Copy out exactly the lines below that run from the one holding "Locate each item" to the one holding "Example of the", keeping both of those lines and no others.

(Records from a collection)
━━━━━━━━━━━━━━━━

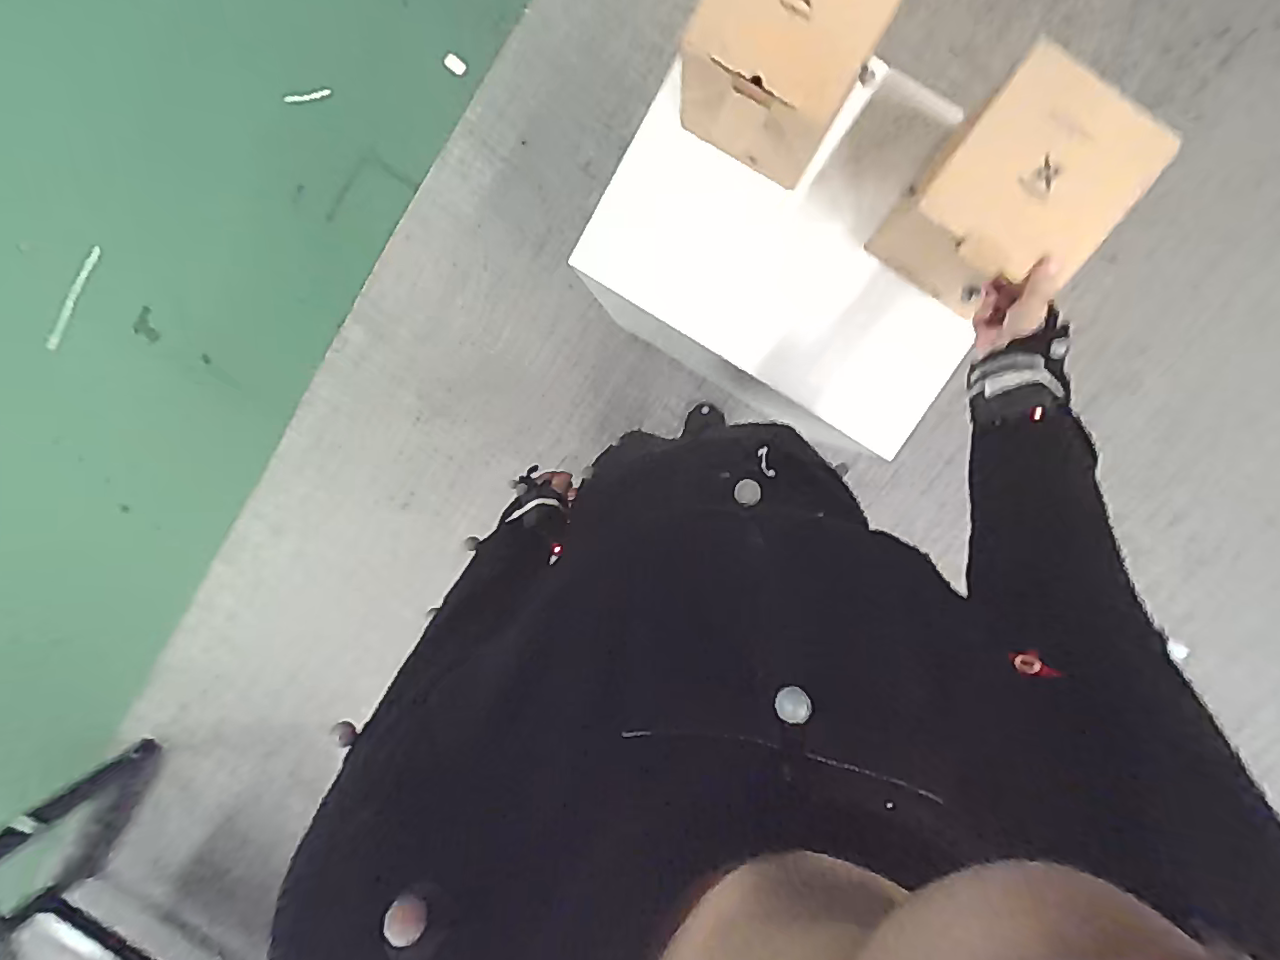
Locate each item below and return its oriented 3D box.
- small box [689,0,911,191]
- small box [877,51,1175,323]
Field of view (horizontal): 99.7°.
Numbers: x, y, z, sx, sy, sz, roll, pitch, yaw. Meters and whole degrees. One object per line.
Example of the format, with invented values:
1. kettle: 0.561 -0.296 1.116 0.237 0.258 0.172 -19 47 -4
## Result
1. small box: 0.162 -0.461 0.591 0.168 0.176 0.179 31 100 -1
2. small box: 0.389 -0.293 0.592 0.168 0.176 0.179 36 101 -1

━━━━━━━━━━━━━━━━

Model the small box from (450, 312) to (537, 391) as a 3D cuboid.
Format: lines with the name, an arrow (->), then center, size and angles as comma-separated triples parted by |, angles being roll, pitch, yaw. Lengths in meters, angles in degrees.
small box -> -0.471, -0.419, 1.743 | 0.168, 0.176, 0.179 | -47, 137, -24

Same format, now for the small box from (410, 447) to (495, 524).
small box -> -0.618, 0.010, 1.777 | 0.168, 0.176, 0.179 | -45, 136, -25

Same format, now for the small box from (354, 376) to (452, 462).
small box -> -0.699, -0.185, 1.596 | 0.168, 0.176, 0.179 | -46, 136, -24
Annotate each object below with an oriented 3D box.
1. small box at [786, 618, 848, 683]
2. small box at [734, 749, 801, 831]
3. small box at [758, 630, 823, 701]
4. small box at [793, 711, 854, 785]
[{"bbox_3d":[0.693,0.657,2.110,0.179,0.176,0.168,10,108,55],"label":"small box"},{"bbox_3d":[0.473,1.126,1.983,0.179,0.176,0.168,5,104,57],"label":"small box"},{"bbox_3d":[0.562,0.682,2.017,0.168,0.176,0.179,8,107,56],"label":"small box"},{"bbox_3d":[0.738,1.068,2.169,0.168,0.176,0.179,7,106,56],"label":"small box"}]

━━━━━━━━━━━━━━━━

» Solution to this problem
Locate each item below and return its oriented 3D box.
- small box [689,0,911,191]
- small box [877,51,1175,323]
Field of view (horizontal): 99.7°.
Numbers: x, y, z, sx, sy, sz, roll, pitch, yaw. Meters and whole degrees. One object per line.
Example of the format, with invented values:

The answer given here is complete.